We’re very excited about these results. This is a phase I/II study of the drub enasidenib, formally known as AG-221, which is a blocker of mutant IDH2. We’re going to be presenting the results of this phase I/II study in patients with relapsed and refractory acute myeloid leukaemia.

We’re very excited about the results of this study because the total number of patients that were treated on the study was 345 and of those a large number of those patients had relapsed and refractory acute myeloid leukaemias, about 250 that had relapsed and refractory acute myeloid leukaemia. What we’re excited about is that this is an oral medication the patients take once daily and appears to be very well tolerated. If you look at the safety profile of the drug really the only things that stand out are what’s called an indirect hyperbilirubinemia and that’s actually not because of any sort of liver issues with the drug but rather because the drug causes a Gilbert’s-like effect so that it inhibits the conjugation of bilirubin by inhibiting the UGT1A1 enzyme. This is a minor issue that doesn’t really have any clinical sequelae so I’ve been very impressed in my own patients that I’ve treated by how tolerable the drug is.

The other thing that we’re really excited about is that in this relapsed and refractory acute myeloid leukaemia population the overall response rate is 40% with approximately 20% of those patients achieving a true complete remission. What that translates into in terms of overall survival is that in the overall patient population the median overall survival is 8.3 months; in the group of patients who got 100mg of the drug per day, which is the dose we’re taking forward, the median overall survival was also 8.3 months. If you just look at the patients who enter into complete remission the median overall survival on those patients who enter a complete remission is nearly two years, it’s 22.9 months. Those patients who are in a partial remission or a complete remission with incomplete count recovery median overall survival is a little over 15 months. So we think this represents a real meaningful step forward in the treatment of patients with AML that have this IDH2 mutation.

I suppose the next step would be further trials so are there any plans going forwards?

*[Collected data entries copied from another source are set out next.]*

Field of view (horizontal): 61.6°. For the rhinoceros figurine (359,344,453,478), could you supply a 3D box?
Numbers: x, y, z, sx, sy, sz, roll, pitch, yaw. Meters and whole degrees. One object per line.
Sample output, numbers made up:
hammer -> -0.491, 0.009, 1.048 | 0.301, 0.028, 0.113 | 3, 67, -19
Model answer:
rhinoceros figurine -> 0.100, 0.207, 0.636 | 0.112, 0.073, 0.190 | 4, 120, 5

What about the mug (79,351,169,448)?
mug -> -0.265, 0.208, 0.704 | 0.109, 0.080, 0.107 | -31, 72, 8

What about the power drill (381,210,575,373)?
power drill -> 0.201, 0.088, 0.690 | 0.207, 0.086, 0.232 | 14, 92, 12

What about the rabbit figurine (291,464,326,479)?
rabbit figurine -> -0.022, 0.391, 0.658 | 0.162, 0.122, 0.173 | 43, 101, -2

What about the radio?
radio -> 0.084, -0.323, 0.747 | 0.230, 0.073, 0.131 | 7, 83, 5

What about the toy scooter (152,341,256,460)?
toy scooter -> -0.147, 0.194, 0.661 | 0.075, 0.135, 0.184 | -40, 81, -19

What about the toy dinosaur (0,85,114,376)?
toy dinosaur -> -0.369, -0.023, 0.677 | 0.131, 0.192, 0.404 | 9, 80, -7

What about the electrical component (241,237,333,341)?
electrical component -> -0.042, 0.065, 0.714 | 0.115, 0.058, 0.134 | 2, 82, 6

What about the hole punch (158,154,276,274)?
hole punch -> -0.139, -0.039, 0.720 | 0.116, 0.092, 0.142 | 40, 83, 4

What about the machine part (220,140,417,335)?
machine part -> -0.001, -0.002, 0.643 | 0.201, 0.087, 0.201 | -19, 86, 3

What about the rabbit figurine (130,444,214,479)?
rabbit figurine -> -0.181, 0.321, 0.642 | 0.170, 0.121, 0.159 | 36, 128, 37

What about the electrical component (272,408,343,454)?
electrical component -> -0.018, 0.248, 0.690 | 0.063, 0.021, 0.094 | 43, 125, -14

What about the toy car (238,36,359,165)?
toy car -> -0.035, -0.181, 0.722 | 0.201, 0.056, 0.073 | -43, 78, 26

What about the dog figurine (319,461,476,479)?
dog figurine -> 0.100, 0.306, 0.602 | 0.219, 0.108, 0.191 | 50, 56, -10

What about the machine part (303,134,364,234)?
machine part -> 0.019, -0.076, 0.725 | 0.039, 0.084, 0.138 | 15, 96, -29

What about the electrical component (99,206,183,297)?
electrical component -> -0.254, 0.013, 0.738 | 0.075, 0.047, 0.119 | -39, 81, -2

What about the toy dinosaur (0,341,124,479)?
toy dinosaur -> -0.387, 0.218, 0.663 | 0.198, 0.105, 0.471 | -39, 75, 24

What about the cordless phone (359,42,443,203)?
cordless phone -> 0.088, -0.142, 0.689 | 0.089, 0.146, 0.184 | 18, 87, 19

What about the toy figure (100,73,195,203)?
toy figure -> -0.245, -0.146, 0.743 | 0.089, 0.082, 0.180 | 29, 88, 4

Absolutely, yes. We’re excited because we have a number of trials that are currently ongoing. So now that we see that the drug is really quite effective in the relapsed and refractory setting we are working to move the drug into earlier lines of therapy. So there are ongoing clinical trials combining this drug with induction chemotherapy, that’s a phase I trial. There’s also a phase I/II trial combining this drug with the hypomethylating agent azacitidine for those patients who might not be eligible for induction chemotherapy.

And you mentioned that 40% were responding, how many of the patient population you’re treating were eligible for, for example, my notes here about stem cell transplant as a possible follow-up?

Yes, so I can’t tell you how many of those patients who got a response went on to a stem cell transplant, we don’t have that data yet. But what I can tell you is that many of these patients are just very old and beyond the age where one would consider stem cell transplant. So because of that we think this represents a real step forward. So we don’t necessarily see it as what’s called a bridge to transplant where the goal of the therapy is to get a patient to transplant, we think the goal of the therapy is really to keep the patient in remission for as long as possible.

That answers that and that covers all of my notes. Is there anything else that you would like to add? A summary, conclusion or any way that we can keep track of these results going forwards?

I guess what I would say is that these results are very encouraging. Some of the results have just been published in the journal Blood along with the translational manuscript that explains the scientific rationale behind it. The results I’ll be presenting are a little bit updated but if you want to get a flavour for a little bit more of what the drug is like I would encourage everyone to look at that paper.